= Irina Nikolaeva =

Linguist and academic researcher

Irina Alekseevna Nikolaeva (b. 1962) is a linguist and Emeritus Professor of Linguistics at the SOAS University of London.

==Biography==
Nikolaeva gained her PhD from the University of Leiden in 1999. She worked at the University of Konstanz and the University of Oxford before joining SOAS in 2007 as a Lecturer. She was appointed Professor of Linguistics in 2012 and Emeritus Professor in 2020. She was awarded the Humanity Award at the 2008 Women of Discovery Awards. She was elected as a fellow of the British Academy in 2019.

==Select publications==
- Nikolaeva, I. 2020. Yukaghir morphology in a historical and comparative perspective.
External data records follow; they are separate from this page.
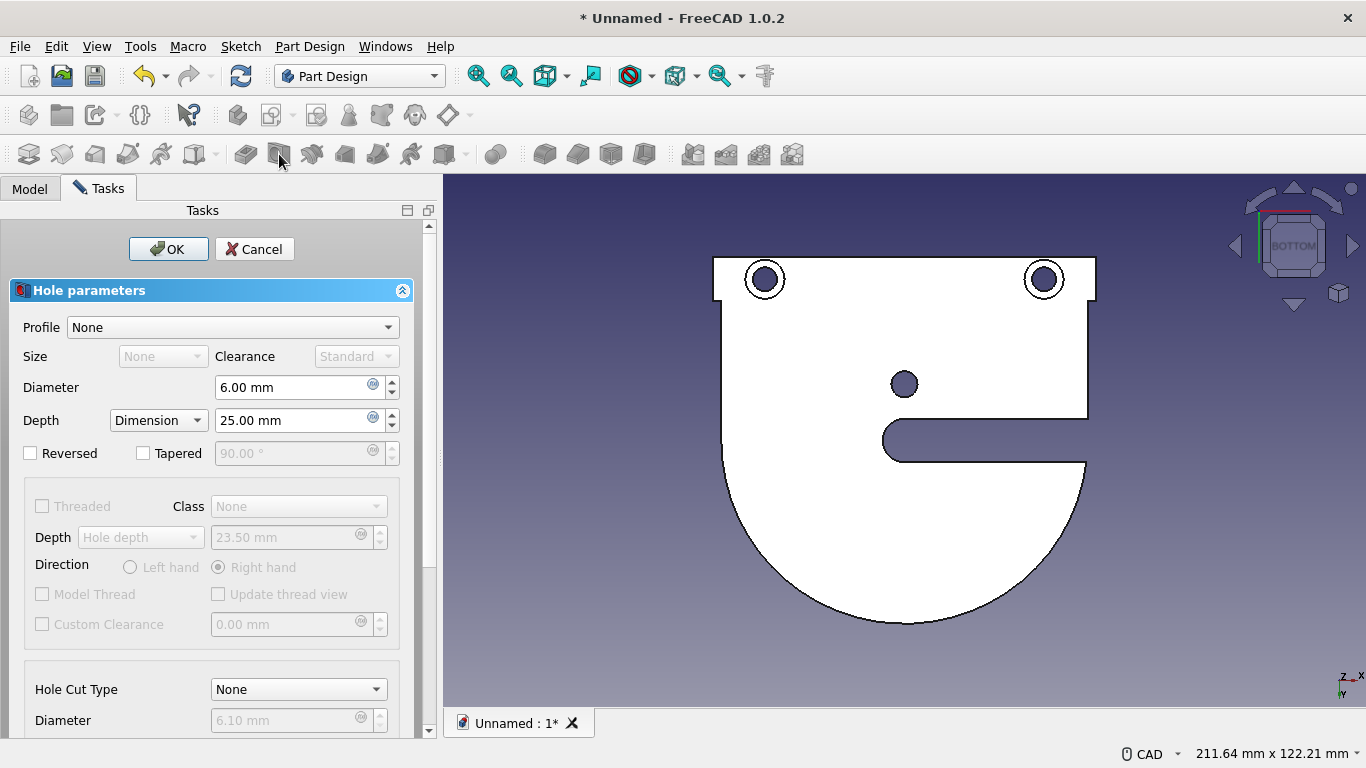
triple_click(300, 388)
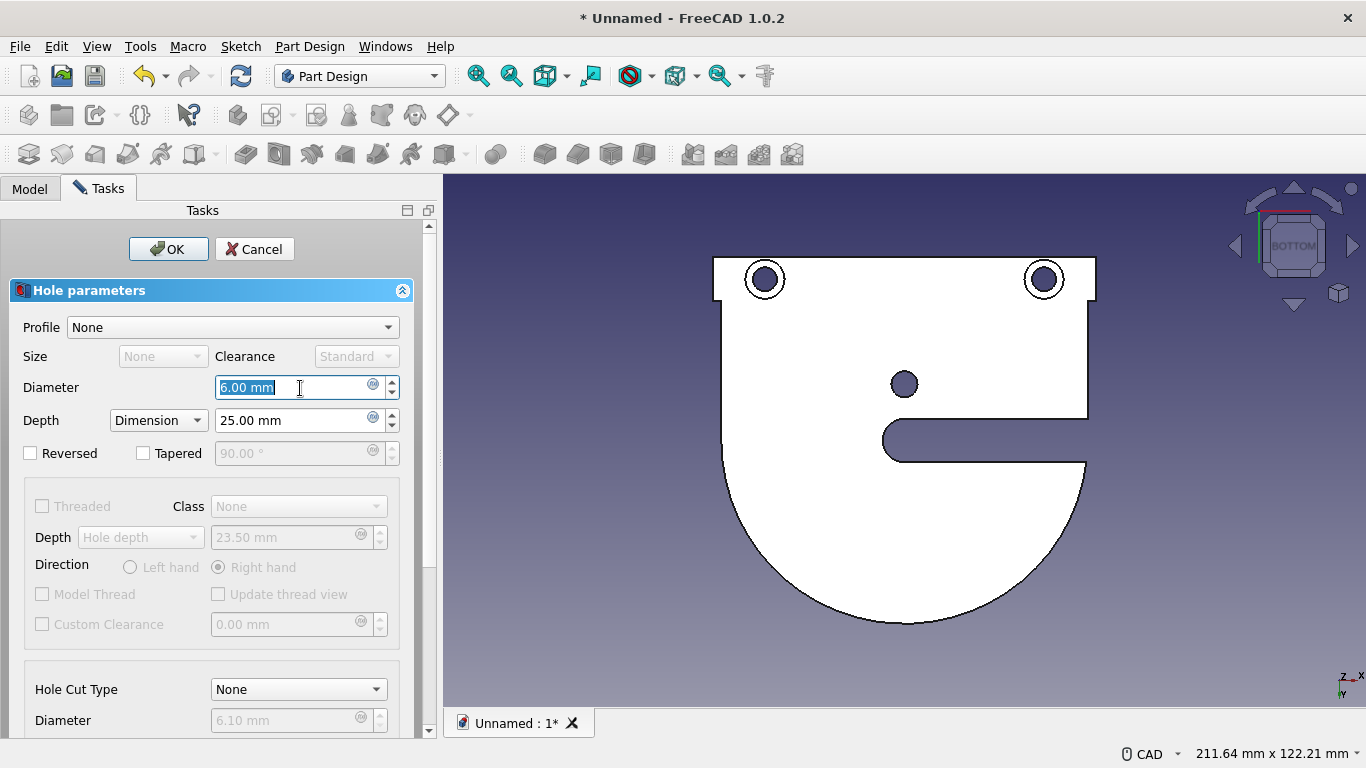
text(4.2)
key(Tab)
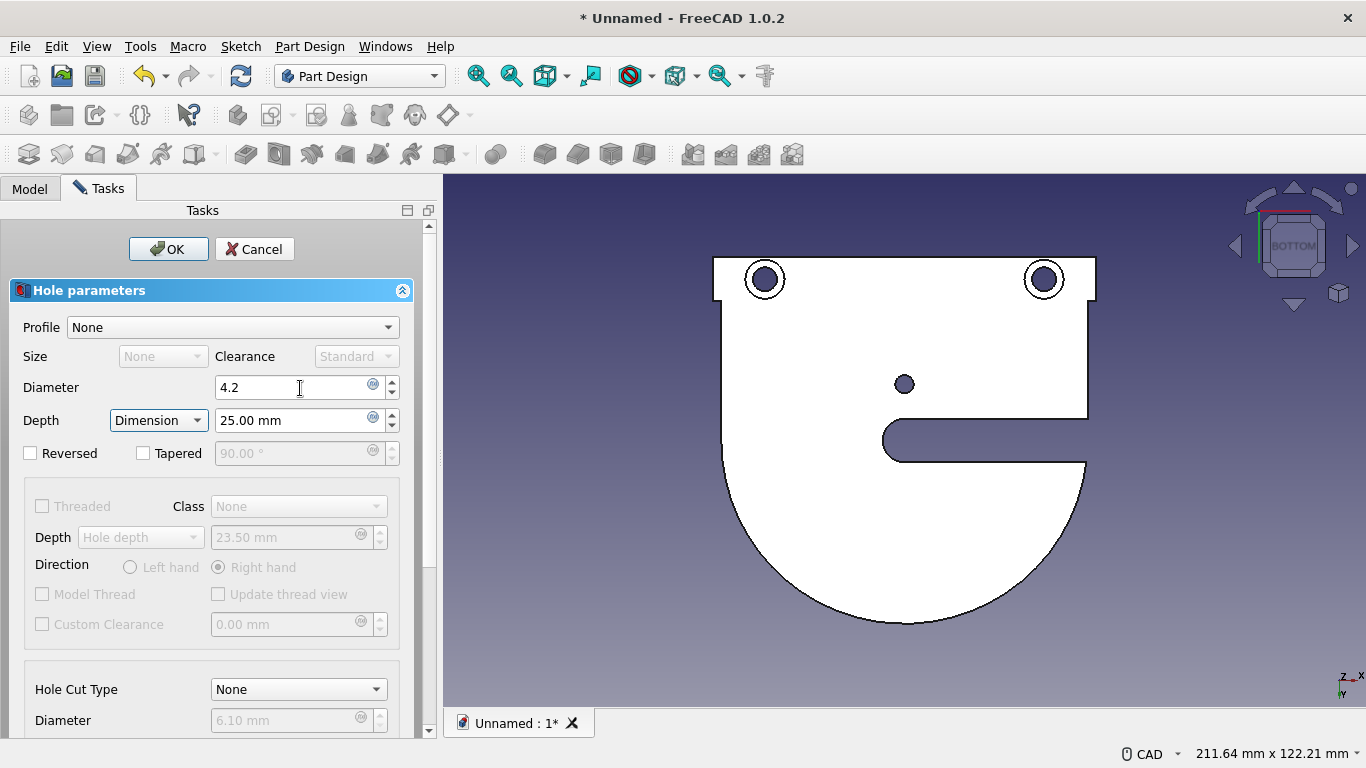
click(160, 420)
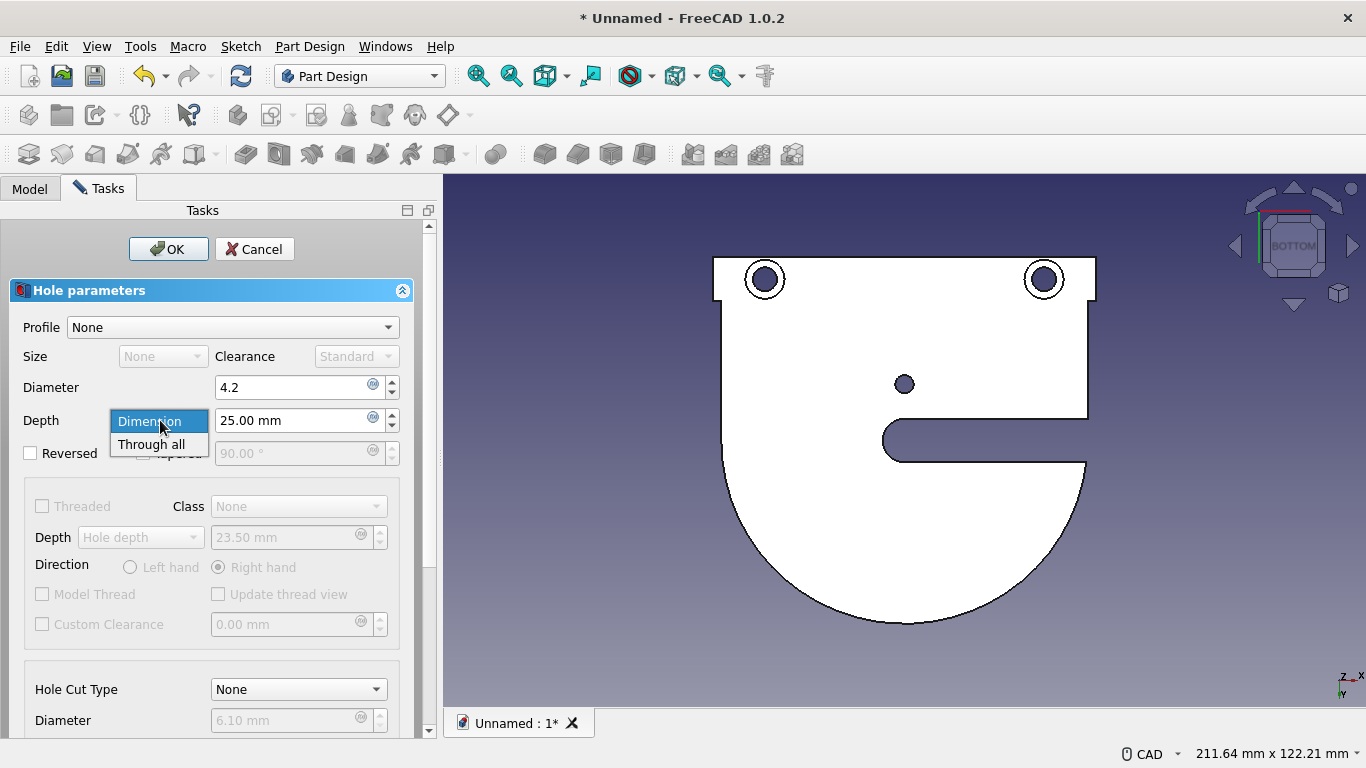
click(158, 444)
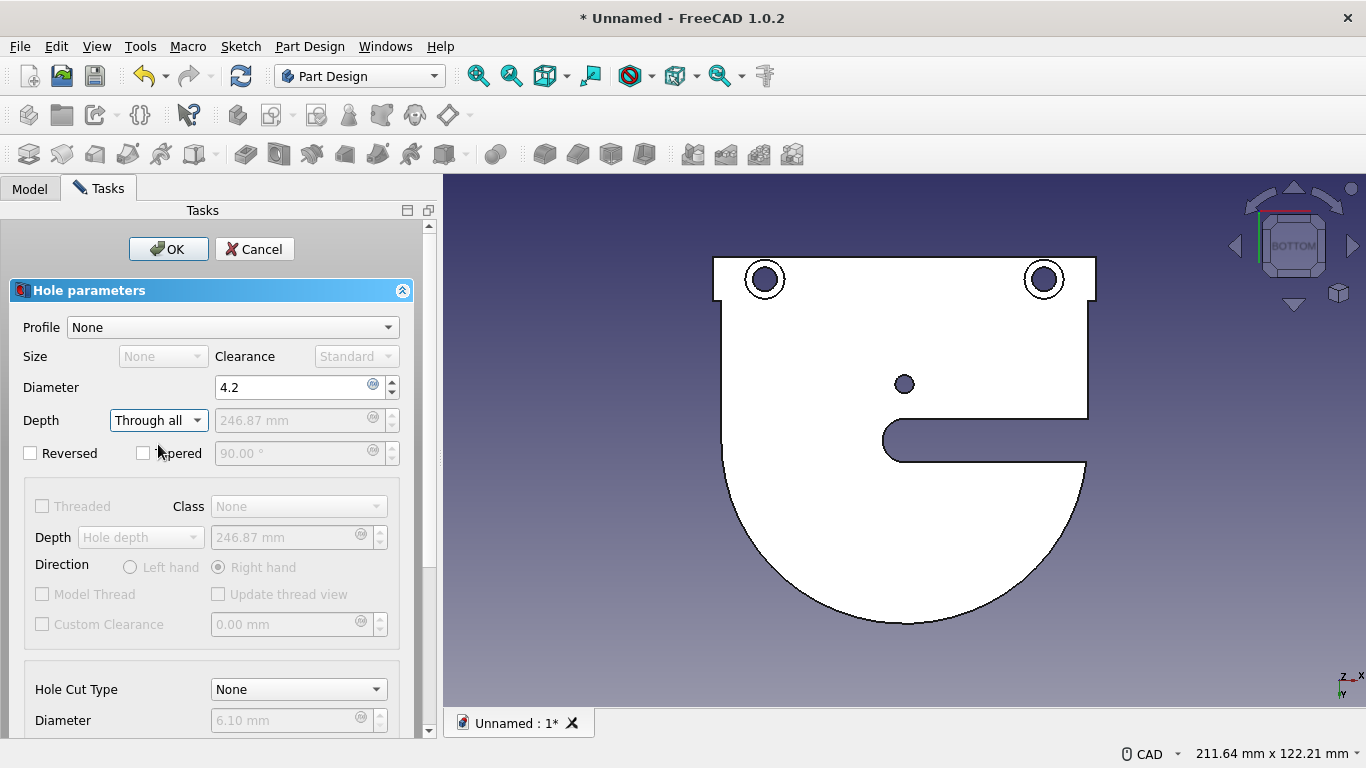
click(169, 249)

München: Lincom GmbH.
- Nikolaeva, I. and Spencer, A. 2019. Mixed categories: The Morphosyntax of noun modification. Cambridge: Cambridge University Press.
- Nikolaeva, I. 2014. A grammar of Tundra Nenets. Berlin: Mouton de Gruyter.
- Ackerman, F. and Nikolaeva, I. 2013. Descriptive typology and linguistics theory: a study in the morphosyntax of relative clauses. Stanford: CSLI.
- Dalrymple, M.and *Nikolaeva, I. 2011. Objects and information structure. Cambridge: Cambridge University Press.